Procedure (External Structure):

  1. Obtain a cow eye, place it in your dissecting pan, & rinse the eye with water.
  2. Rotate the eye until the larger bulge or tear gland is on the top of the eye. The eye is now in the position it would be in a body as you face the body.
  3. On the outside of the eye, locate the following parts:
  • fat– surrounds the eye & cushions it from shock
  • tear or lacrimal gland – forms a bulge on the top outer area of the eye & produces tears to wash the surface of the eye
  • tear ducts – tubes to carry the tears from the gland to the eye
  • optic nerve – a white cord on the back of the eye about 3mm thick just toward the nasal side; carries messages between the eye & brain
  • muscles – reddish, flat muscles found around the eye to raise, lower, & turn (right & left) the eye
  1. Turn the eye so that it is facing you & examine these structures on the front surface of the eye:
  • eyelids – two moveable covers that protect the eye from dust, bright light, and impact
  • sclera – this is the tough, white outer coat of the eye that extends completely around the back & sides of the eye
  • cornea – a clear covering over the front of the eye that allows light to come into the eye (preservative often makes this appear cloudy)
  • iris – round black tissue through the cornea that controls the amount of light that enters the inner part of the eye (may be colored in humans)
  • pupil – the round opening in the center of the eye that allows light to enter and whose size is controlled by the iris

Click here for labeled eye model

Procedure (Internal Structure):

  1. Place the eye in the dissecting pan so it is again facing you.

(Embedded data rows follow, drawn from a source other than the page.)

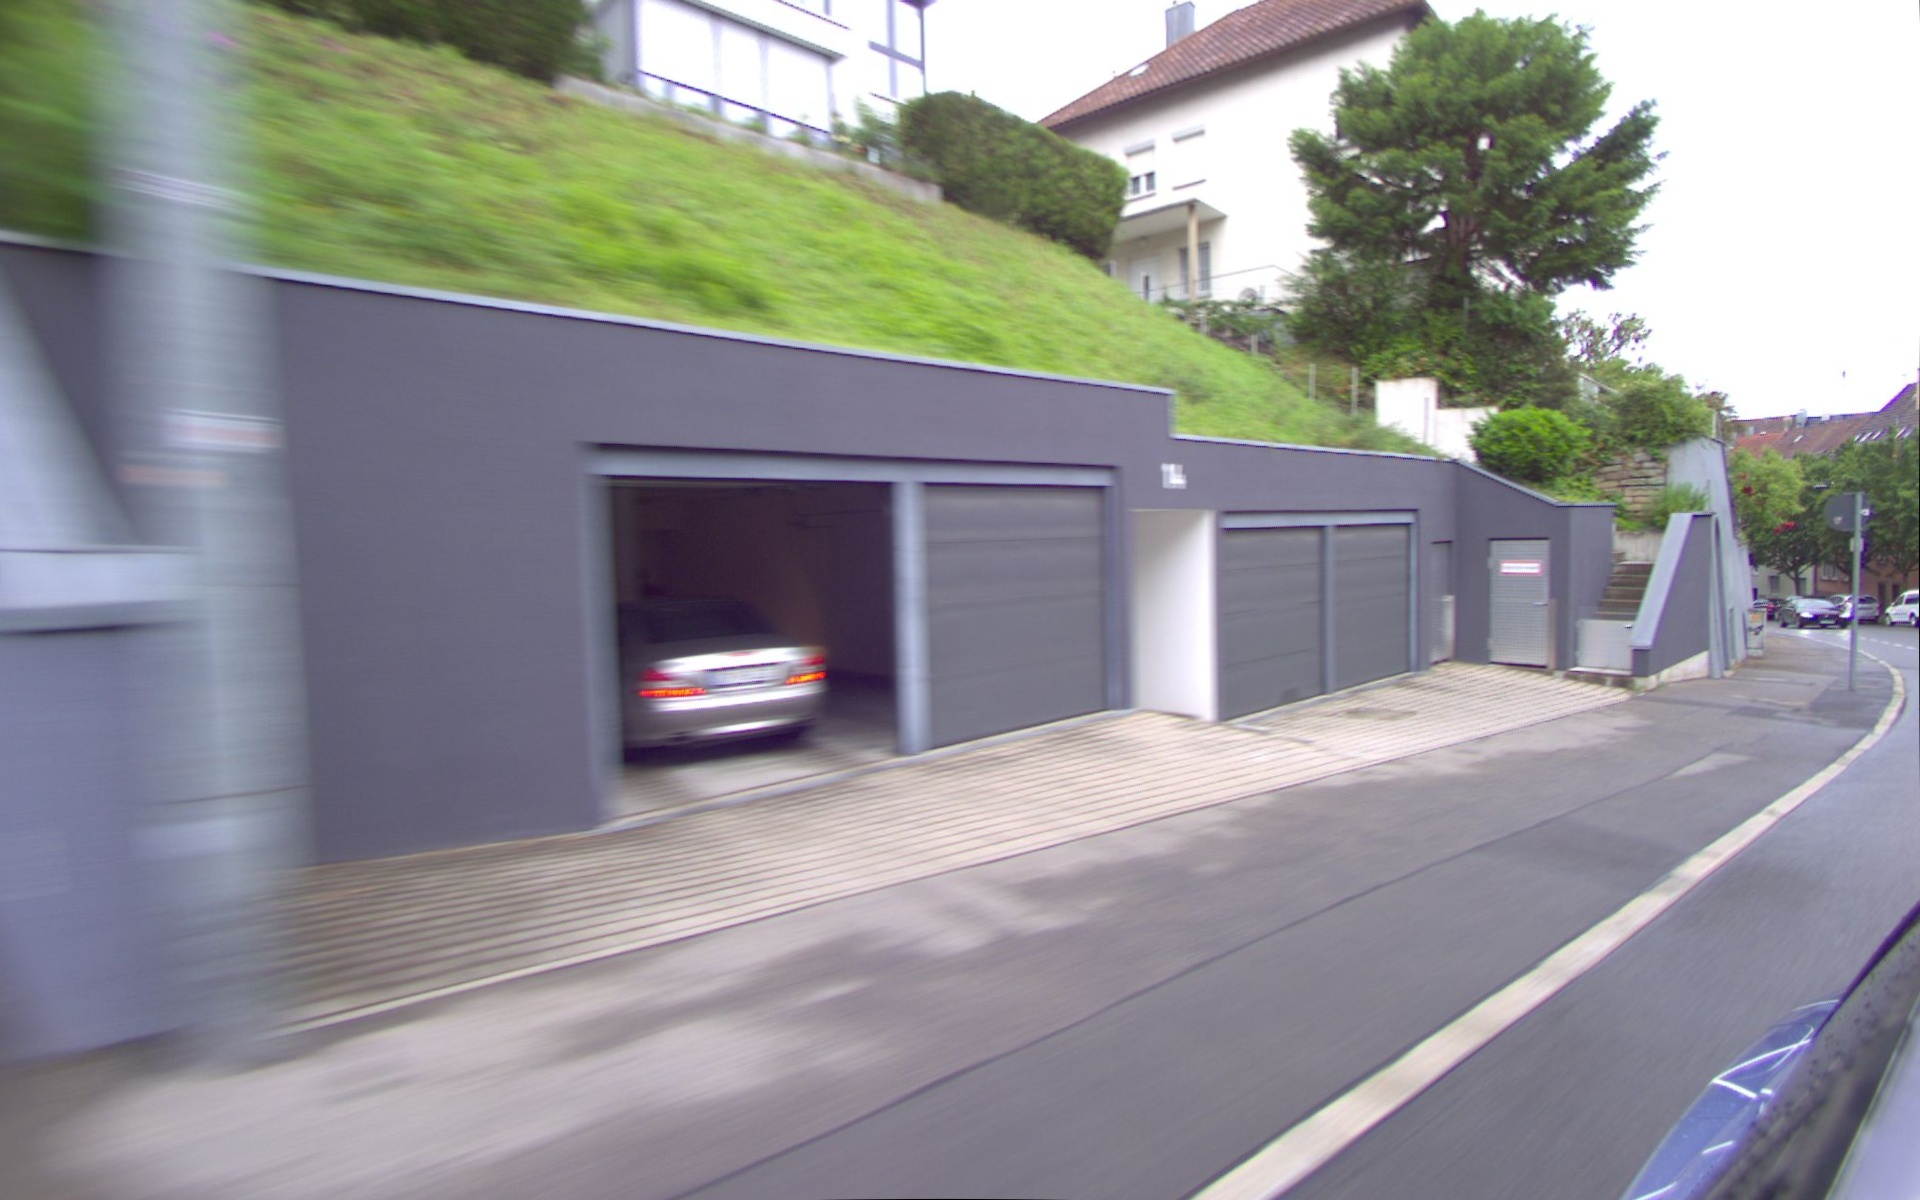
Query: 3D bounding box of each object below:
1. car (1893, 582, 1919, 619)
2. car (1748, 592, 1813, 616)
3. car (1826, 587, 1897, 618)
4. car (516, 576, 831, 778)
[{"bbox_3d":[47.779,-0.004,49.501,1.841,1.799,4.442,-1,0,26],"label":"car"},{"bbox_3d":[54.931,0.254,67.883,1.768,1.512,4.339,-1,0,16],"label":"car"},{"bbox_3d":[51.181,0.131,57.552,1.734,1.712,4.560,-1,0,25],"label":"car"},{"bbox_3d":[-2.850,0.623,9.502,1.625,1.438,3.692,-3,0,-36],"label":"car"}]
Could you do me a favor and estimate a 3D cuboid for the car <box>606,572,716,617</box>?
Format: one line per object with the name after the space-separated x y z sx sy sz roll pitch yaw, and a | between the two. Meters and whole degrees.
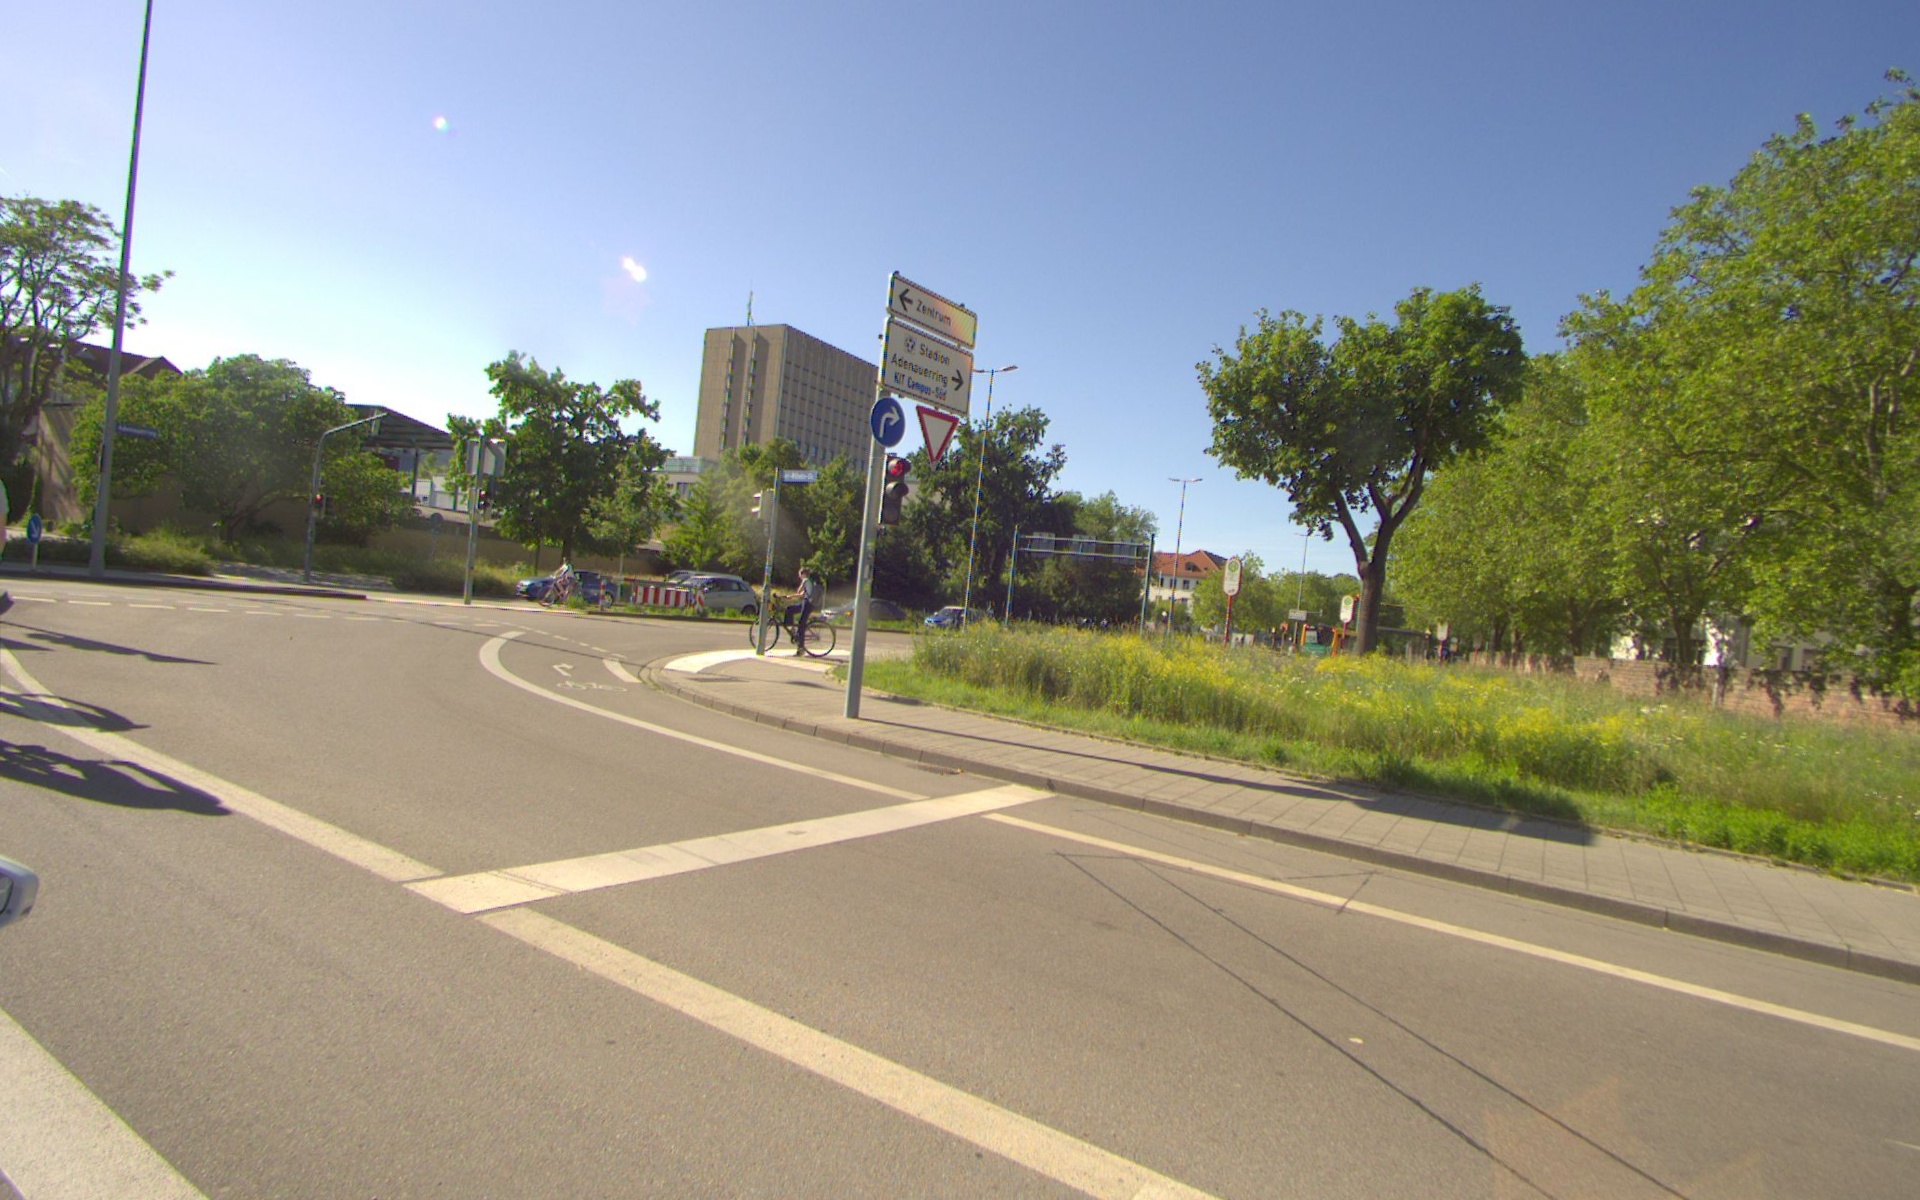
-12.296 -0.202 41.570 1.767 1.415 3.986 7 0 37 | car

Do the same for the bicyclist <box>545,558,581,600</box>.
-13.932 -0.725 35.282 0.602 1.360 0.874 7 1 37 | bicyclist

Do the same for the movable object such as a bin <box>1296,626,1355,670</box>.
28.005 3.717 76.749 2.954 2.898 9.178 6 0 27 | movable object such as a bin

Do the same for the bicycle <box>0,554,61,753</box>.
-6.337 0.229 6.132 1.890 1.102 0.690 6 -1 32 | bicycle

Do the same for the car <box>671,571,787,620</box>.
-8.737 -0.132 38.288 1.767 1.415 3.986 7 0 37 | car

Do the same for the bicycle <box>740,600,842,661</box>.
-3.289 0.589 19.677 1.856 0.970 0.635 7 1 -10 | bicycle

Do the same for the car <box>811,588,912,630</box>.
-4.306 0.434 44.629 1.767 1.415 4.557 7 0 37 | car

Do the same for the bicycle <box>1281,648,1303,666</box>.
20.039 3.436 60.670 0.514 1.000 1.965 7 1 39 | bicycle

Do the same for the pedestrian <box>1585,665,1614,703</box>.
26.446 3.480 41.585 0.712 1.460 0.523 7 -1 2 | pedestrian

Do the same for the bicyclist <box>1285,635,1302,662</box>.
20.119 2.954 60.706 0.509 1.548 1.067 7 2 39 | bicyclist

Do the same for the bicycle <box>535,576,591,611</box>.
-13.934 -0.230 35.359 0.602 1.046 1.681 7 0 37 | bicycle

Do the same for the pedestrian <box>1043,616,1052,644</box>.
7.826 2.647 89.865 0.401 2.451 0.467 6 -1 34 | pedestrian

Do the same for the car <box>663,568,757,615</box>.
-11.839 -0.369 47.795 1.767 1.771 3.986 7 0 37 | car

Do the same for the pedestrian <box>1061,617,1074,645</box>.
9.738 2.823 90.985 0.710 2.451 0.585 6 -1 34 | pedestrian

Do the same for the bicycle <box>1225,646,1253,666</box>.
14.646 2.934 52.761 0.640 0.986 1.895 7 1 39 | bicycle

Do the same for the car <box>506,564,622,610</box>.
-16.207 -0.528 41.318 1.767 1.415 3.986 7 0 37 | car

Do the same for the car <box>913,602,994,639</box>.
-0.291 1.049 50.456 1.916 1.415 3.986 6 0 37 | car

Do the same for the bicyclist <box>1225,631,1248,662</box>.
14.427 2.443 52.420 0.632 1.533 1.049 7 2 39 | bicyclist

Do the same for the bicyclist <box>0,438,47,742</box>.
-6.319 -0.120 6.137 1.123 1.813 0.684 7 0 32 | bicyclist

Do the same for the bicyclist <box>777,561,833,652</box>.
-3.035 0.122 19.704 0.898 1.667 0.630 6 1 -9 | bicyclist

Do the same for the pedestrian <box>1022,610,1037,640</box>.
5.884 2.134 85.180 0.660 2.451 0.770 6 -1 34 | pedestrian

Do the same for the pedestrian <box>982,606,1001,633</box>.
2.562 1.572 81.217 0.752 2.039 1.267 7 1 36 | pedestrian

Using your scalpel, pierce the white part of the eye or sclera just behind the edge of the cornea. Make a hole large enough for your scissors.
  2. Using your scissors, carefully cut around the eye using the edge of the cornea as a guide. Lift the eye & turn it as needed to make the cut and be careful not to squeeze the liquid out of the eye.
  3. After completing the cut, carefully remove the front of the eye and lay it in your dissecting pan.
  4. Place the back part of the eye in the pan with the inner part facing upward.
  5. Locate the following internal structures of the eye:
  • cornea – observe the tough tissue of the removed cornea; cut across the cornea with your scalpel to note its thickness
  • aqueous humor – fluid in front the eye that runs out when the eye is cut
  • iris – black tissue of the eye that contains curved muscle fibers
  • ciliary body – located on the back of the iris that has muscle fibers to change the shape of the lens
  • lens – can be seen through the pupil; use your scalpel & dissecting needle to carefully lift & work around the edges of the lens to remove it
  • vitreous humor – fluid inside the back cavity of the eye behind the lens
  • retina – tissue in the back of the eye where light is focused; connects to the optic nerve; use forceps to separate the retina from the back of the eye & see the dark layer below it

10. Answer the worksheet questions on the cow eye dissection.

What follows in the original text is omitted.